Example: Persist and Reload a Collection

import json
import chromadb
from inertialai_chroma import InertialAIEmbeddingFunction

# --- Session 1: Create the collection and add data ---

client = chromadb.PersistentClient(path="./chroma-data")
ef = InertialAIEmbeddingFunction()

collection = client.create_collection("sensors", embedding_function=ef)

collection.add(
documents=[
json.dumps({
"text": "CNC machine #42, cutting aluminum, normal operation",
"time_series": [
[2100, 2150, 2180, 2140, 2120],
[65, 66, 68, 67, 66],
],
}),
json.dumps({
"text": "CNC machine #42, cutting aluminum, tool wear detected",
"time_series": [
[2100, 2090, 2070, 2050, 2030],
[65, 68, 72, 77, 83],
],
}),
],
ids=["run-001", "run-002"],
)

print("Collection created and data added.")

# --- Session 2: Reopen the collection (in a new process) ---

client2 = chromadb.PersistentClient(path="./chroma-data")

# Chroma reconstructs InertialAIEmbeddingFunction from the stored config,
# resolving INERTIALAI_API_KEY from the environment automatically.
# No need to pass embedding_function= here.
collection2 = client2.get_collection("sensors")

results = collection2.query(
query_texts=["elevated vibration and temperature"],
n_results=1,
)

print(results["ids"])
# [['run-002']]

Note: When reopening a persisted collection, do not pass embedding_function= to get_collection(). Chroma reconstructs the embedding function from the stored config automatically. If you pass an embedding function here, Chroma will use it to validate the stored config — which can raise an error if settings such as model_name or dimensions do not match.

Custom Environment Variable Names

If you manage multiple InertialAI API keys — for example, separate keys for development and production — configure api_key_env_var to point to the appropriate variable:

import chromadb
from inertialai_chroma import InertialAIEmbeddingFunction

client = chromadb.PersistentClient(path="./chroma-prod")

# The name "INERTIALAI_API_KEY_PROD" is stored in the collection config
ef = InertialAIEmbeddingFunction(api_key_env_var="INERTIALAI_API_KEY_PROD")

collection = client.create_collection("prod-sensors", embedding_function=ef)
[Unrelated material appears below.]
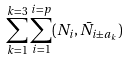<formula> <loc_0><loc_0><loc_500><loc_500>\sum _ { k = 1 } ^ { k = 3 } \sum _ { i = 1 } ^ { i = p } ( N _ { i } , \bar { N } _ { i \pm a _ { k } } )</formula> 
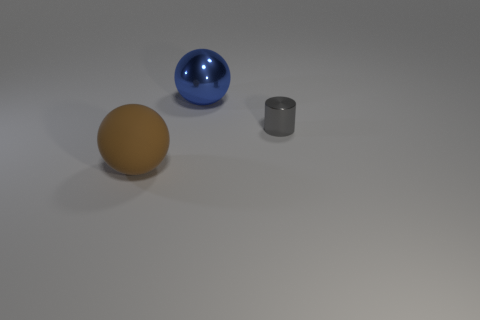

When this collection is reopened, Chroma will look for INERTIALAI_API_KEY_PROD in the environment. Ensure the variable is available in every process that opens the collection.

Security Considerations

  • Do not pass the API key via api_key=. That parameter is deprecated. Its value is not included in get_config(), which means the embedding function cannot be reconstructed automatically when the collection is reopened. Use api_key_env_var instead.
  • API key values are never written to disk. The persisted config contains only the environment variable name.
  • Rotate keys by updating the environment variable. No stored collection data needs to change.